[Work to complete] Give again, exactly as written, each line of the material below starting at the line that contains "Use YAML, one" and ending at the line that contains "#7 helmet (200,136,237,164)". Both ends count, and no other line does.

[Input for this task]
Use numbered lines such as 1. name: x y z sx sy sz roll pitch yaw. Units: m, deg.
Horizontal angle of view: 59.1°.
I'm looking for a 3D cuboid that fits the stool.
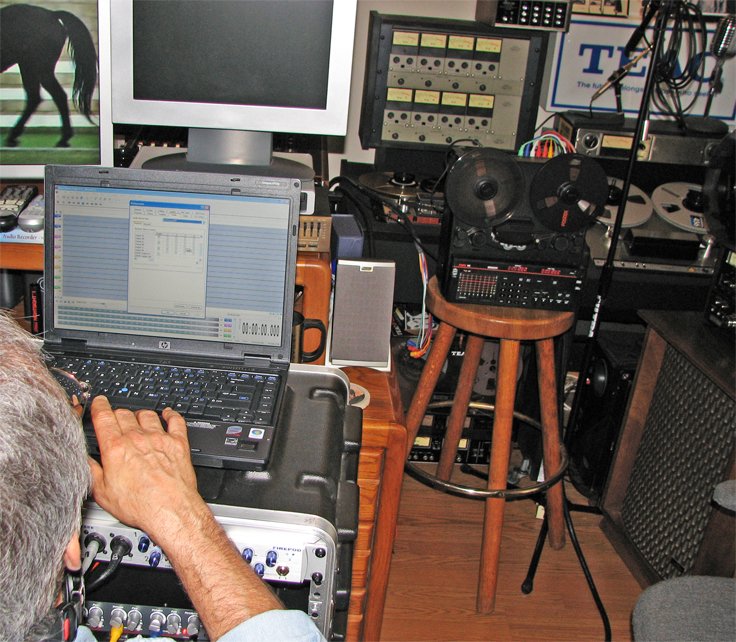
1. stool: 0.305 0.326 1.808 0.492 0.759 0.464 16 16 33
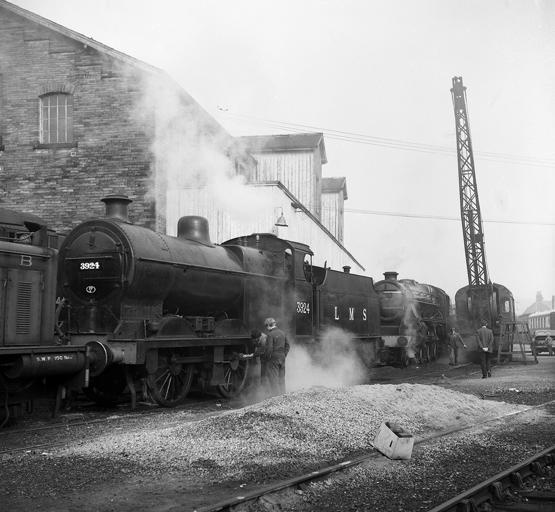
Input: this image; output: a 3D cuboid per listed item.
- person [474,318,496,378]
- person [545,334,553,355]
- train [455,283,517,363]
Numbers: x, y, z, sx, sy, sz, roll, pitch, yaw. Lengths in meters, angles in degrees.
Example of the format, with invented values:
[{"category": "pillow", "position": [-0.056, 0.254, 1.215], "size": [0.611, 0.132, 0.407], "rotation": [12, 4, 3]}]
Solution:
[{"category": "person", "position": [6.045, 2.764, 16.493], "size": [0.411, 1.468, 1.747], "rotation": [-2, -6, 20]}, {"category": "person", "position": [14.645, 4.756, 30.610], "size": [0.374, 1.140, 1.036], "rotation": [-3, -6, 26]}, {"category": "train", "position": [10.087, 3.215, 27.824], "size": [2.408, 3.417, 4.812], "rotation": [-6, -10, 21]}]
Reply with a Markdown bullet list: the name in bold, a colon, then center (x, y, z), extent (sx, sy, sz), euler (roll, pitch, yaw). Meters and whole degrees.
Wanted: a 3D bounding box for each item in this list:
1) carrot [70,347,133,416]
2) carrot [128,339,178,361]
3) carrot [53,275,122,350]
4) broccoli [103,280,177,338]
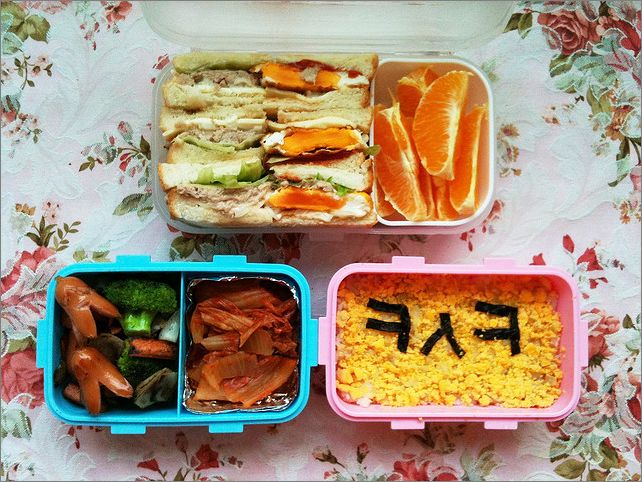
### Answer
- **carrot**: center (-0.754, 0.470, 2.044), extent (0.222, 0.062, 0.161), euler (49, 58, 1)
- **carrot**: center (-0.569, 0.372, 2.051), extent (0.141, 0.041, 0.069), euler (9, 80, -24)
- **carrot**: center (-0.805, 0.224, 2.069), extent (0.228, 0.064, 0.159), euler (55, 36, -1)
- **broccoli**: center (-0.637, 0.226, 2.143), extent (0.237, 0.205, 0.190), euler (7, 89, 2)
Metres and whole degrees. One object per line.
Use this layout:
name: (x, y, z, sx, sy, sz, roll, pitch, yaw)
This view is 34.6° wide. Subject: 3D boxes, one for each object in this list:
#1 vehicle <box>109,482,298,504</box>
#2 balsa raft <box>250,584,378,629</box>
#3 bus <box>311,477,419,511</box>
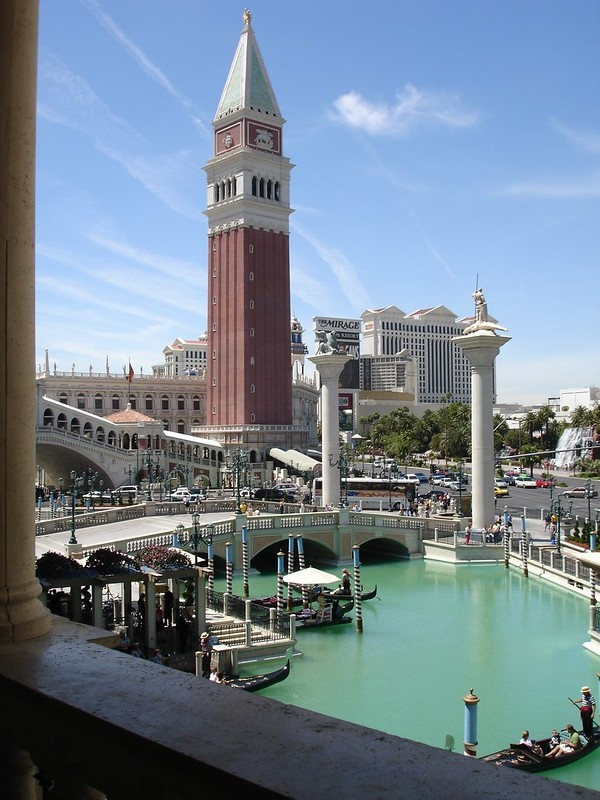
vehicle: (-5.506, 5.661, 57.533, 11.429, 0.789, 10.752, 1, -4, -17)
balsa raft: (0.766, 6.893, 32.267, 2.048, 0.796, 2.718, 0, -6, -16)
bus: (3.561, 6.066, 59.091, 7.978, 2.598, 2.423, 0, -2, 3)
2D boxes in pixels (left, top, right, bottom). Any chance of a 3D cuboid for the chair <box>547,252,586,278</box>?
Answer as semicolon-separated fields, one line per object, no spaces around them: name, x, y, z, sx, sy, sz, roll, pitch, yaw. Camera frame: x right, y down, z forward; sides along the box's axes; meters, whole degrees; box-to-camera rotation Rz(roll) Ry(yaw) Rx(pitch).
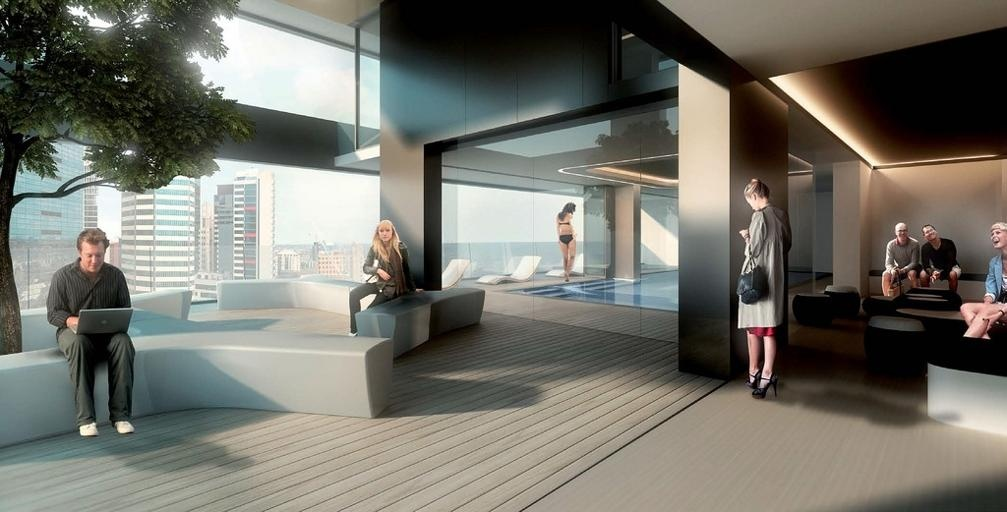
chair;1.391;0.255;11.714;0.744;0.361;0.421;-2;2;-43

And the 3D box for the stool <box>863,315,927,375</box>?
stool;7.233;1.618;9.529;1.027;0.839;0.989;-1;2;-40

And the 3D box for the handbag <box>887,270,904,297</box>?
handbag;9.343;0.643;12.509;0.635;0.608;0.165;-9;13;-42

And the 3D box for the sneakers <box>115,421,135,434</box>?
sneakers;-5.704;2.606;7.958;0.382;0.128;0.131;-2;-3;25

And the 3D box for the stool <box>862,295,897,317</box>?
stool;7.777;1.049;10.850;0.628;0.197;0.615;-2;2;30

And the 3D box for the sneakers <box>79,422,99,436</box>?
sneakers;-6.238;2.619;7.895;0.286;0.108;0.160;-2;-3;42

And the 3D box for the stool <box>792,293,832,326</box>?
stool;6.987;1.214;11.859;0.779;0.571;0.787;-6;-3;37

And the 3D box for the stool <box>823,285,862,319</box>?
stool;7.929;1.062;12.224;0.954;0.712;0.905;-2;0;19

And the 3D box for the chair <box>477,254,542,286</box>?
chair;0.256;0.332;12.432;1.240;0.423;0.764;-4;4;-32

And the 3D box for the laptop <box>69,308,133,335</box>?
laptop;-6.038;0.995;7.921;0.737;0.438;0.455;7;10;-13
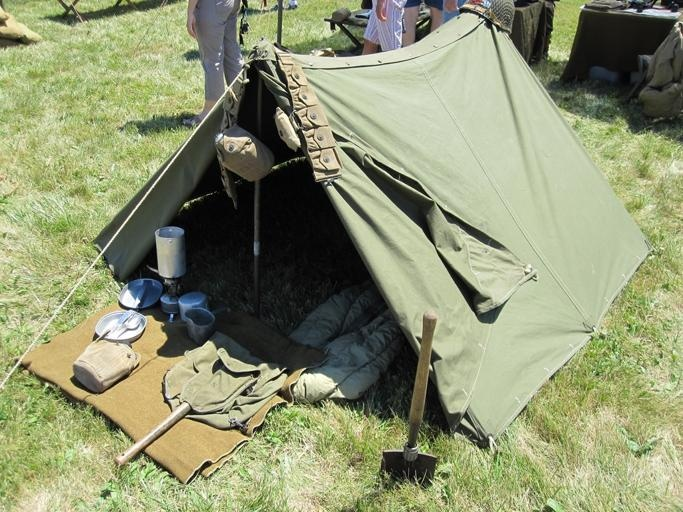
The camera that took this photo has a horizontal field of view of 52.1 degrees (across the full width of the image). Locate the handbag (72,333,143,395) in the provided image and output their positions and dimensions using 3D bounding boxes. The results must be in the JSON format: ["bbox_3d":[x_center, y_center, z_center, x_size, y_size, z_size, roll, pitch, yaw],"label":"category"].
[{"bbox_3d":[-1.852,0.885,5.503,0.420,0.390,0.421,20,25,25],"label":"handbag"}]

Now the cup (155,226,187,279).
[{"bbox_3d":[-1.425,-0.031,5.857,0.201,0.389,0.234,4,30,3],"label":"cup"}]
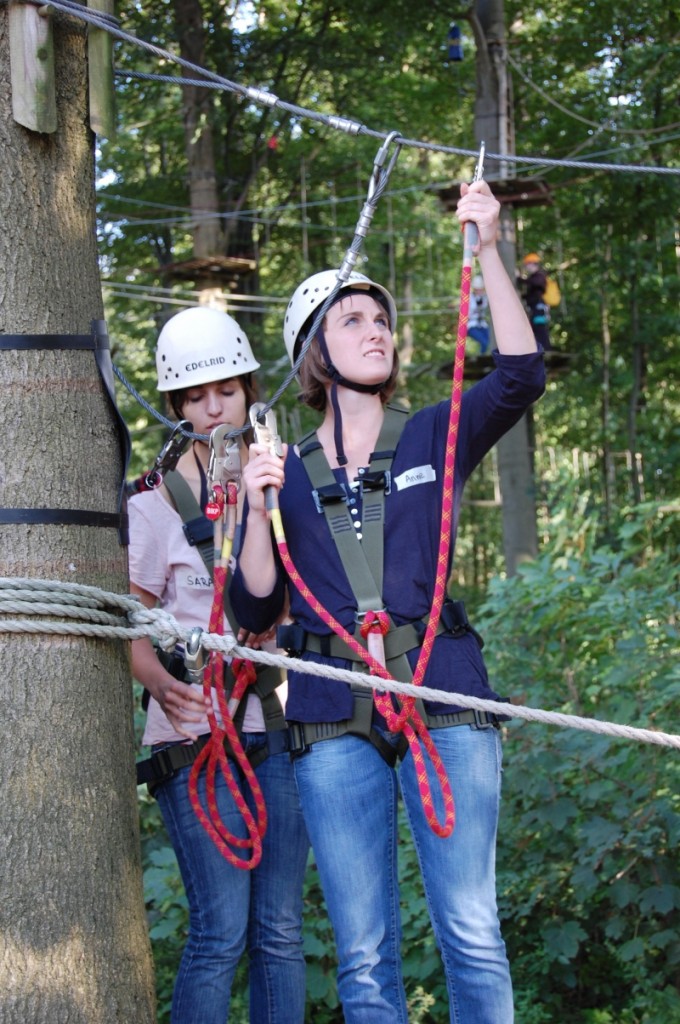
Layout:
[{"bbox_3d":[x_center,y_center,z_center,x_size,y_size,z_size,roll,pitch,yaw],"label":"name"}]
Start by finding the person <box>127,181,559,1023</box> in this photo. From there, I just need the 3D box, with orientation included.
[{"bbox_3d":[0.111,0.271,3.380,0.609,2.046,0.918,-3,3,-26],"label":"person"}]

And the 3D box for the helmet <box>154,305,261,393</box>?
[{"bbox_3d":[-0.397,-0.475,4.257,0.274,0.172,0.283,-16,5,4],"label":"helmet"}]
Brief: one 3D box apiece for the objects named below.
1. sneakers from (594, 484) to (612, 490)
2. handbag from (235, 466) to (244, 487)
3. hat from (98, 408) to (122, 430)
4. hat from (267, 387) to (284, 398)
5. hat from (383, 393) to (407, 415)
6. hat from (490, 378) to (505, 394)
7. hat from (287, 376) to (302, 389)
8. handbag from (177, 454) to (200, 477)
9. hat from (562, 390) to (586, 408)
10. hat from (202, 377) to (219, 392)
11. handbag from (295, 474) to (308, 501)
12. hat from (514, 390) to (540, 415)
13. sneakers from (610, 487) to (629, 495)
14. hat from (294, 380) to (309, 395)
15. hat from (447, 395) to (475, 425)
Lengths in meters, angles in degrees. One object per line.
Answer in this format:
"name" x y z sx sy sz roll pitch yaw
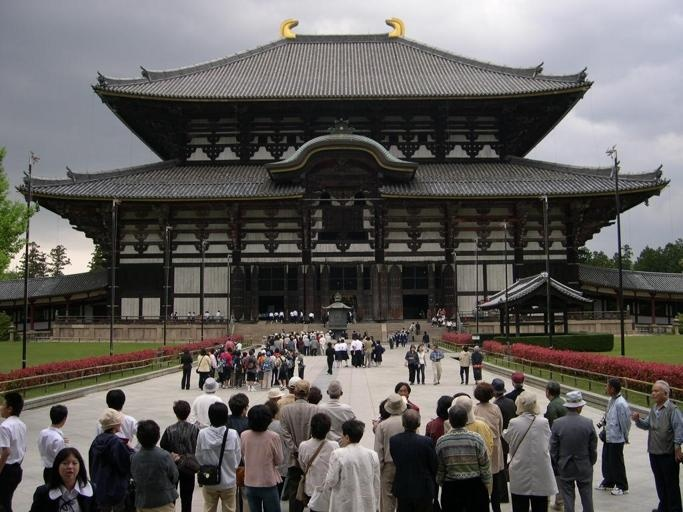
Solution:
"sneakers" 7.573 6.672 23.961 0.406 0.159 0.131 0 -6 1
"handbag" -2.645 5.770 21.740 0.180 0.528 0.356 0 -9 -4
"hat" -5.839 4.098 20.869 0.510 0.350 0.572 -3 12 43
"hat" -1.922 3.887 23.480 0.432 0.156 0.445 -2 -6 -24
"hat" 1.419 3.859 21.501 0.573 0.543 0.412 -1 -9 2
"hat" 4.442 3.670 23.424 0.339 0.431 0.933 -2 -9 10
"hat" -1.282 3.568 23.130 0.466 0.286 0.638 0 -10 -4
"handbag" -3.853 5.363 21.491 0.664 0.574 0.472 13 -13 -31
"hat" 6.206 3.843 22.225 0.515 0.266 0.525 -5 -3 3
"hat" -3.667 3.637 23.212 0.381 0.426 0.530 2 -9 -17
"handbag" -0.979 5.948 21.218 0.266 0.743 0.686 3 -10 -22
"hat" 4.931 3.874 21.912 0.565 0.608 0.465 -2 -9 7
"sneakers" 7.923 6.678 23.611 0.519 0.220 0.182 0 1 -7
"hat" -1.053 3.536 22.357 0.315 0.358 0.372 3 9 -7
"hat" 3.144 3.934 21.309 0.566 0.735 1.246 -2 -9 9
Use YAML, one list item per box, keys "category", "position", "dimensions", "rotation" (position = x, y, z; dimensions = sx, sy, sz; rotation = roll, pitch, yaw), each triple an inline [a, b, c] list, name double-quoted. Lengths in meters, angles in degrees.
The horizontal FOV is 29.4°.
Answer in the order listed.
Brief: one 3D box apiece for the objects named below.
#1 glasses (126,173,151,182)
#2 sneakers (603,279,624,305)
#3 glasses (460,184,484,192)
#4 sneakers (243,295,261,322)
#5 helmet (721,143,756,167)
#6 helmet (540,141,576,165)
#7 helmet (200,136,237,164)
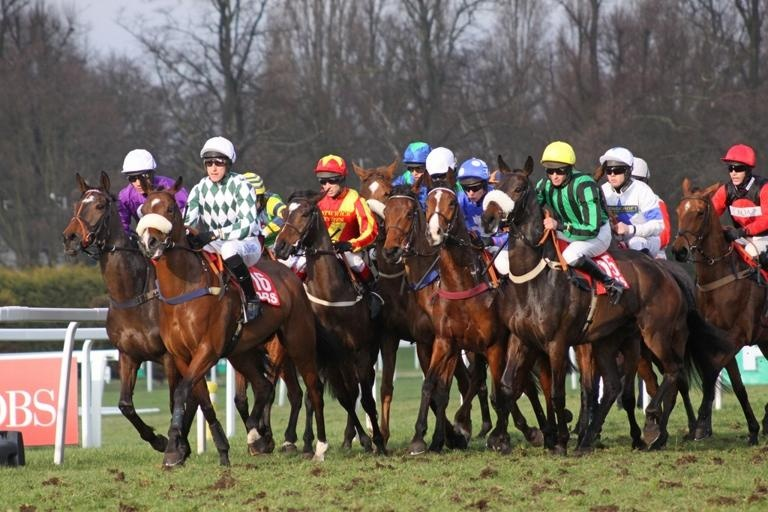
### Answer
- category: "glasses"
  position: [-3.213, -1.038, 18.936]
  dimensions: [0.371, 0.098, 0.206]
  rotation: [-7, -5, 28]
- category: "sneakers"
  position: [2.880, 0.389, 18.078]
  dimensions: [0.283, 0.425, 0.138]
  rotation: [-7, 10, 13]
- category: "glasses"
  position: [1.168, -0.895, 18.784]
  dimensions: [0.261, 0.083, 0.151]
  rotation: [-5, -4, 9]
- category: "sneakers"
  position: [-1.625, 0.618, 17.983]
  dimensions: [0.216, 0.295, 0.101]
  rotation: [-1, -5, -36]
- category: "helmet"
  position: [4.734, -1.348, 19.307]
  dimensions: [0.485, 0.280, 0.378]
  rotation: [4, 5, 1]
- category: "helmet"
  position: [2.216, -1.307, 18.296]
  dimensions: [0.303, 0.305, 0.364]
  rotation: [1, 17, 21]
- category: "helmet"
  position: [-2.071, -1.376, 18.623]
  dimensions: [0.342, 0.282, 0.479]
  rotation: [2, -6, 13]

[Expected answer]
Use YAML, one list item per box, keys "category", "position", "dimensions", "rotation" (position = x, y, z; dimensions = sx, sy, sz; rotation = roll, pitch, yaw), each triple an inline [a, b, c] list, name double-quoted. Lengths in meters, angles in degrees.
The horizontal FOV is 29.4°.
Answer in the order listed.
Brief: one 3D box apiece for the objects named below.
#1 glasses (126,173,151,182)
#2 sneakers (603,279,624,305)
#3 glasses (460,184,484,192)
#4 sneakers (243,295,261,322)
#5 helmet (721,143,756,167)
#6 helmet (540,141,576,165)
#7 helmet (200,136,237,164)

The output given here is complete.